Le Grand pas semble être débarrassé de tous ces désagréments. Pas de pantomime, pas d’histoire, juste de la danse à son sommet. Les Petits rats démarrent par une Polonaise un peu foutraque mais ils sont tellement choux que ce n’est pas très grave. Les hommes enchaînent avec une Mazurka d’une belle facture, porté par les brillants Marc Moreau et Germain Louvet (bien plus en forme qu’au pas de trois). Le corps de ballet féminin n’est pas en reste, précis, ensemble, brillant. Et ce n’est pas qu’une question d’être en mesure. Paquita, c’est aussi une chorégraphie unique, un style, une façon de danser que l’on ne retrouve pas ailleurs. Et merveilleusement bien rendu ce soir-là.

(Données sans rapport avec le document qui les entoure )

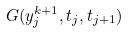<formula> <loc_0><loc_0><loc_500><loc_500>G ( y _ { j } ^ { k + 1 } , t _ { j } , t _ { j + 1 } )</formula>

Quant au couple Mathias Heymann/Hannah O’Neill, c’est le feu d’artifice. Ils enchaînent les morceaux de bravoure, sans jamais se départir de leur élégance et leur solarité, se poussant l’un-l’autre à aller encore plus loin et plus vite (damned, cette diagonale de grands jetés !). Après les fouettés, le public n’est pas loin de taper des mains en cadence (ce que je fais déjà avec mon pied), dans un grand élan de joie général. Paquita se savoure décidément sans complexe.
Paquita de Pierre Lacotte (d’après Joseph Mazilier et Marius Petipa) par le Ballet de l’Opéra de Paris au Palais Garnier. Avec Hannah O’Neill (Paquita), Mathias Heymann (Lucien d’Hervilly), Sébastien Bertaud (Inigo), Fanny Gorse, Juliette Hilaire et Germain Louvet (pas de trois), Pascal Aubin (Don Lopez de Mendoza), Stéphanie Romberg (Doña Serafina), Bruno Bouché (le Comte) et Juiette Gernez (la Comtesse). Samedi 9 mai 2015.